■ Work to complete:
Among the lines below, copy exactly those from the one with "object name: reproduction" through the one with "inscriptions: number: ‘Tav. III.’", counting both ends.

Stored data entries:
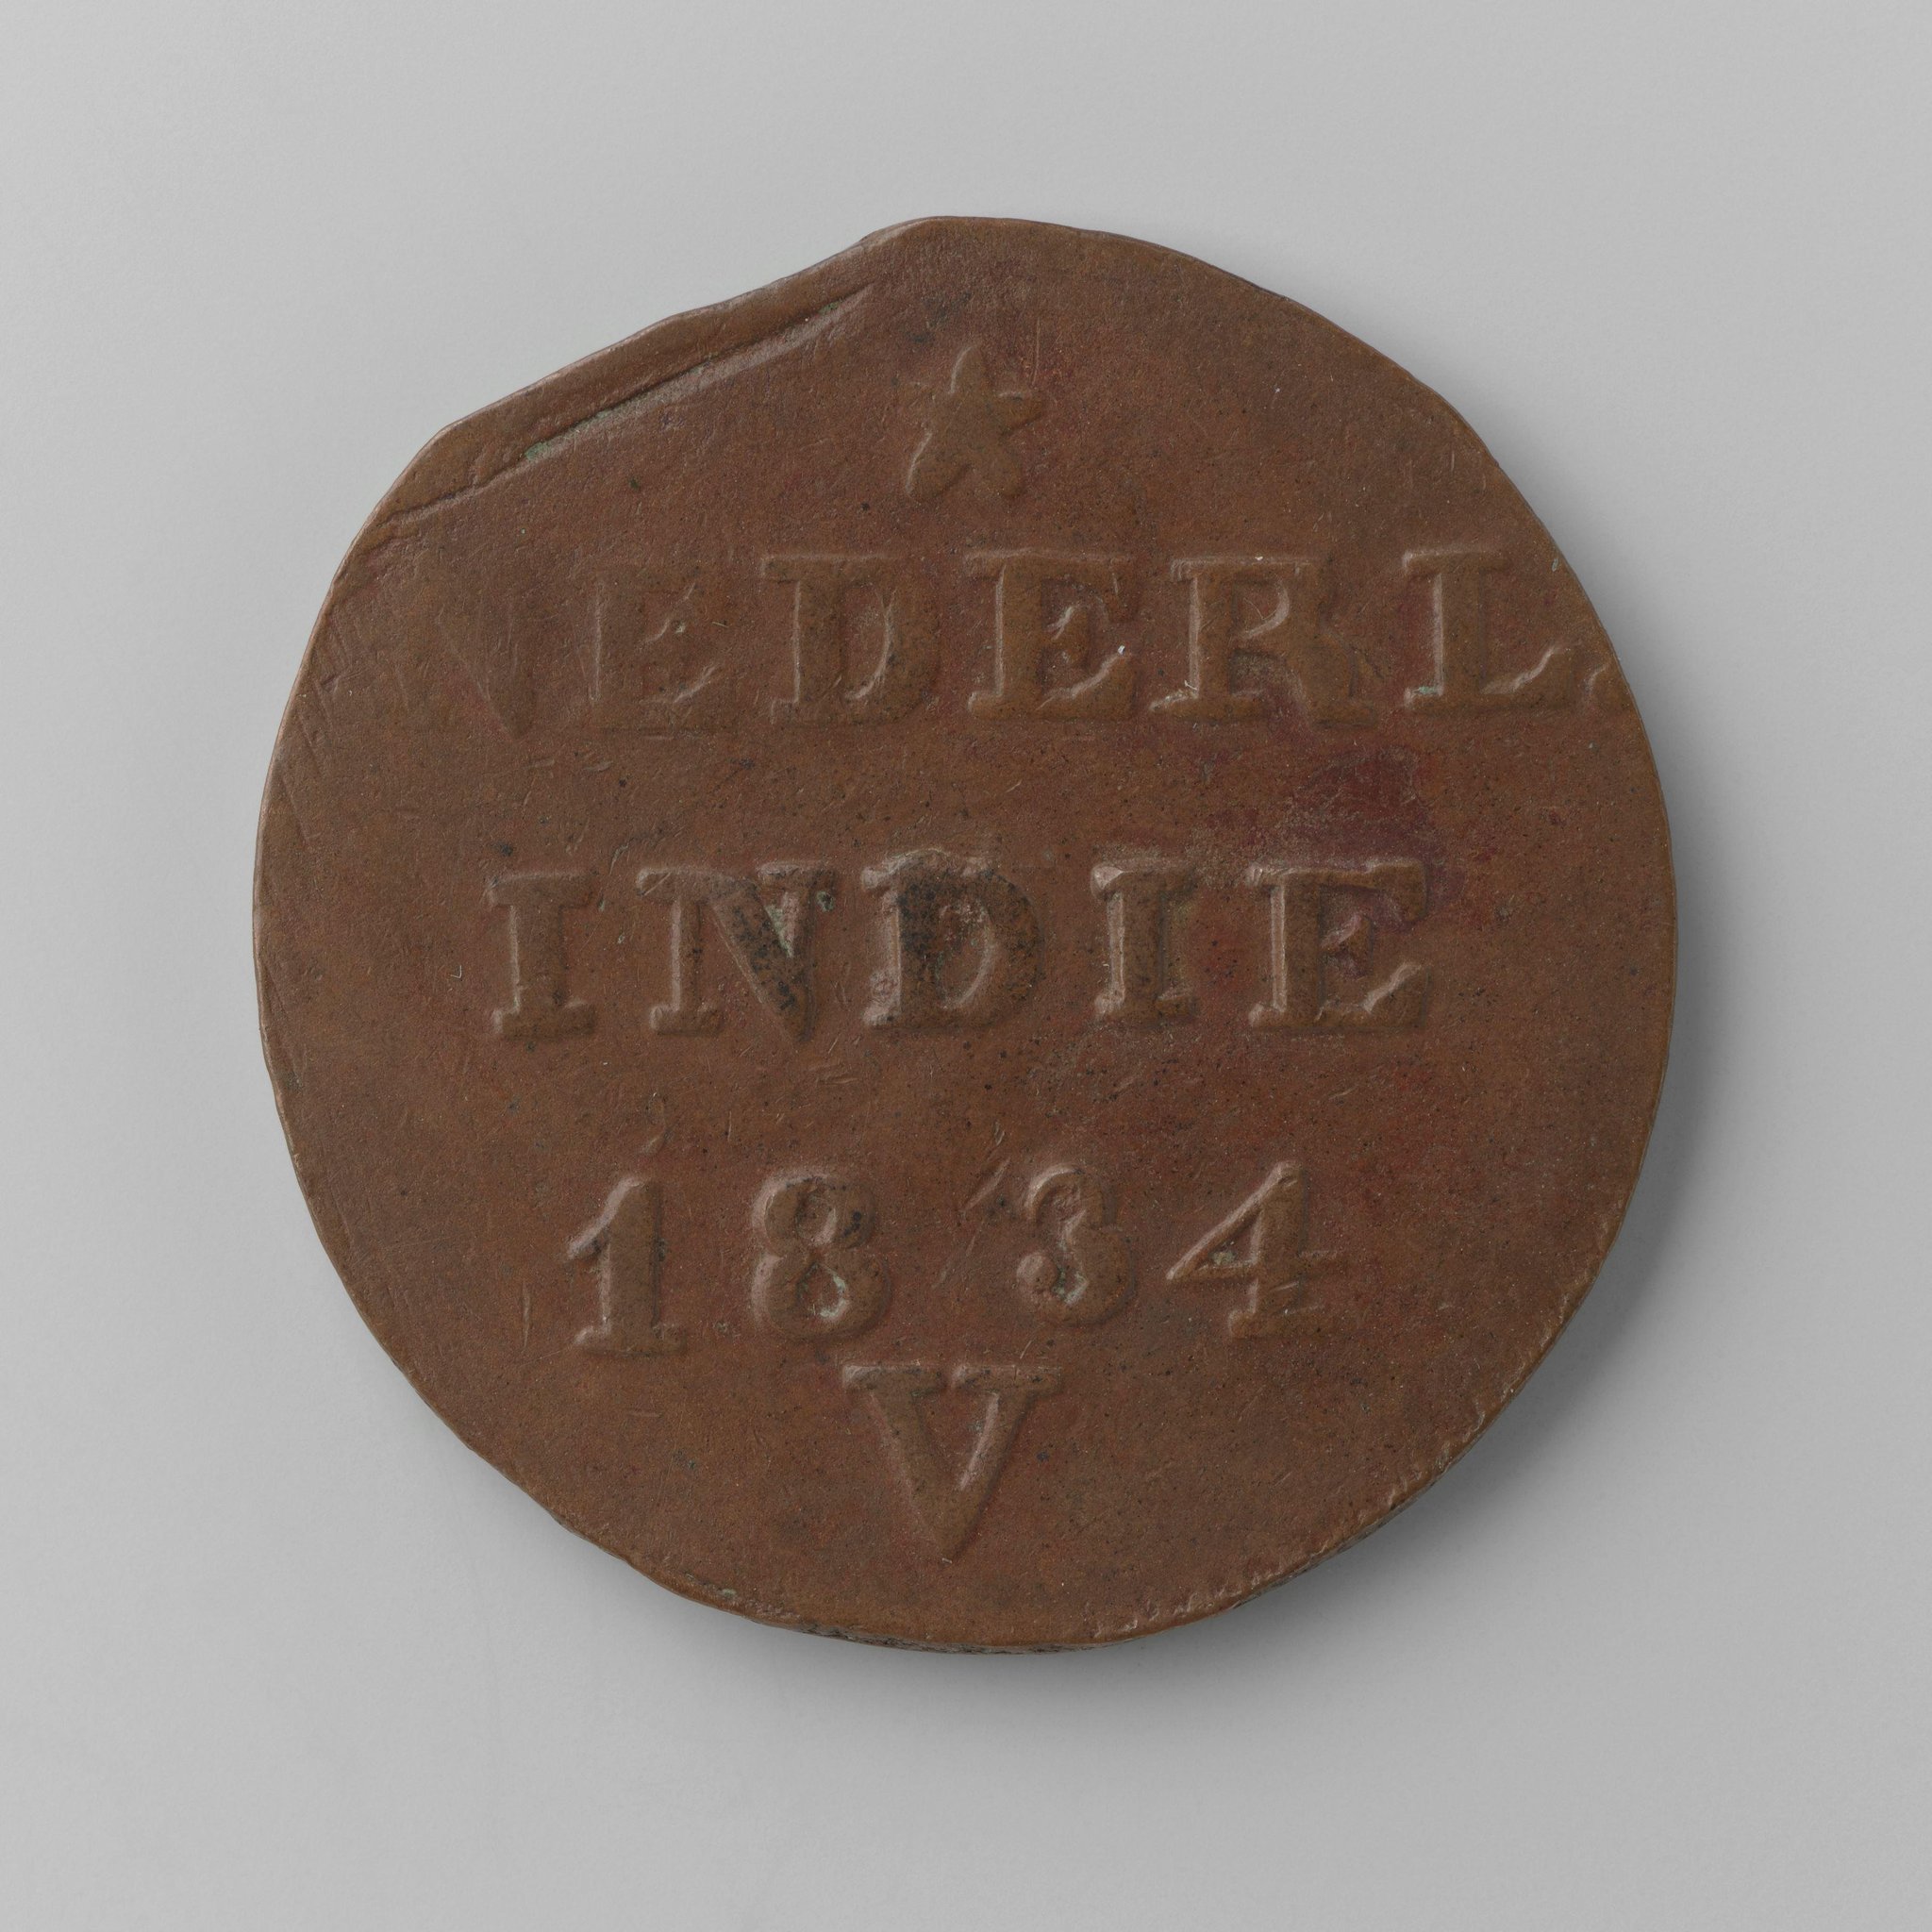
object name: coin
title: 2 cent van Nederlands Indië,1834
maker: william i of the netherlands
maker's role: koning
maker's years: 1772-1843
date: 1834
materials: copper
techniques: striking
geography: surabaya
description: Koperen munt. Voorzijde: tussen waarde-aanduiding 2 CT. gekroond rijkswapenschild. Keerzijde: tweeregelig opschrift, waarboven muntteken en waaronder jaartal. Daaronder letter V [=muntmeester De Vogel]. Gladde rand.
--
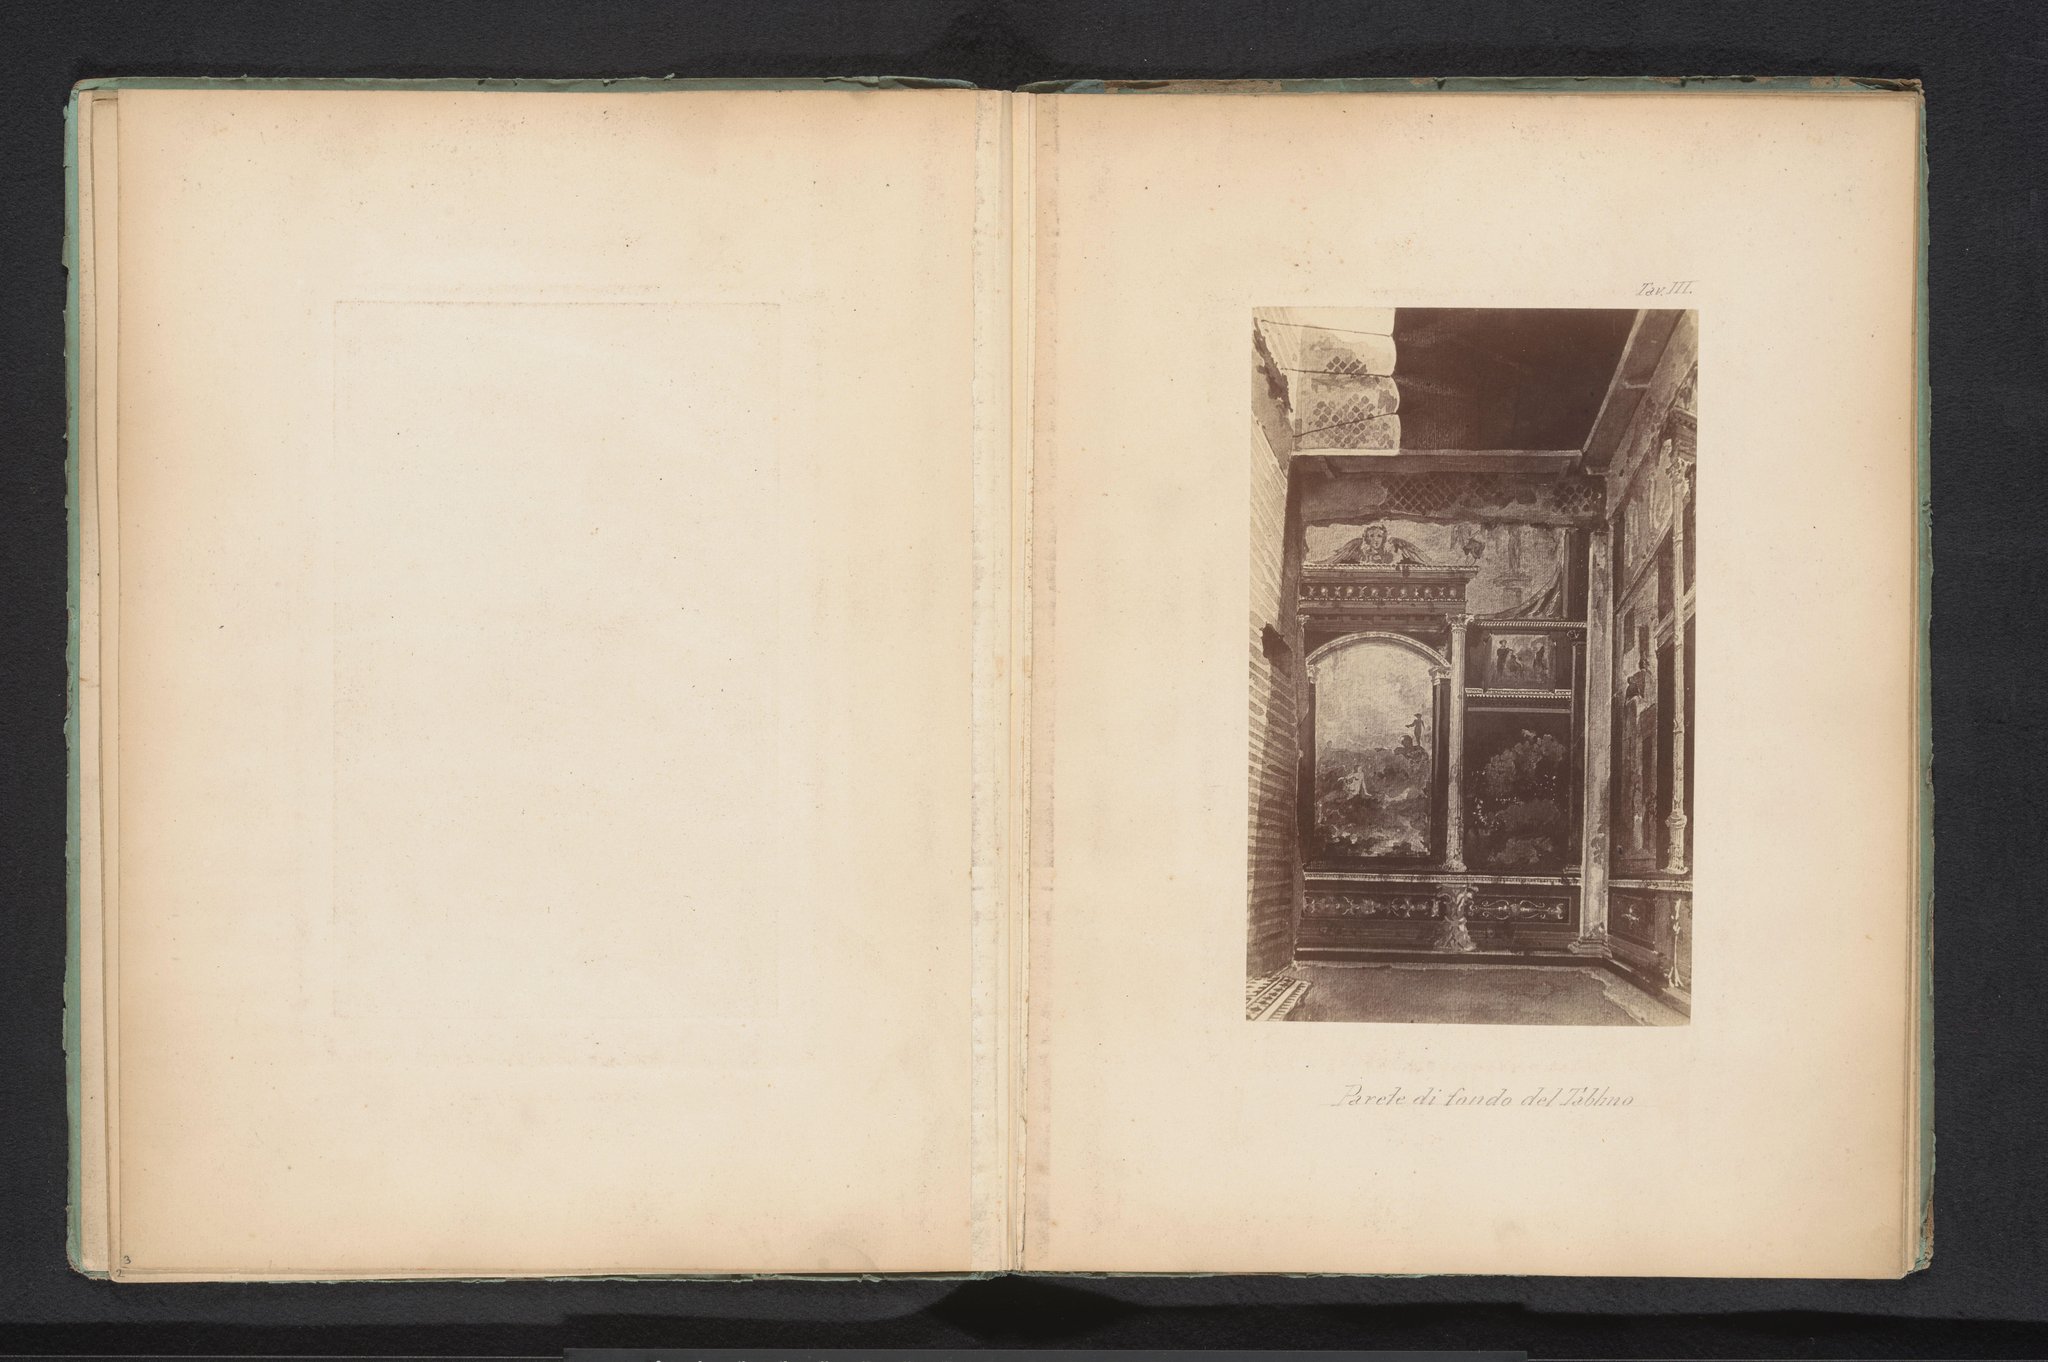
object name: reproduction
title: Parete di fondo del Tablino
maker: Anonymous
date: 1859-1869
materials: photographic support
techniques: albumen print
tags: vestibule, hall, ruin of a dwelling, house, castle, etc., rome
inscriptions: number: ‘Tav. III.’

■ Written response:
object name: reproduction
title: Parete di fondo del Tablino
maker: Anonymous
date: 1859-1869
materials: photographic support
techniques: albumen print
tags: vestibule, hall, ruin of a dwelling, house, castle, etc., rome
inscriptions: number: ‘Tav. III.’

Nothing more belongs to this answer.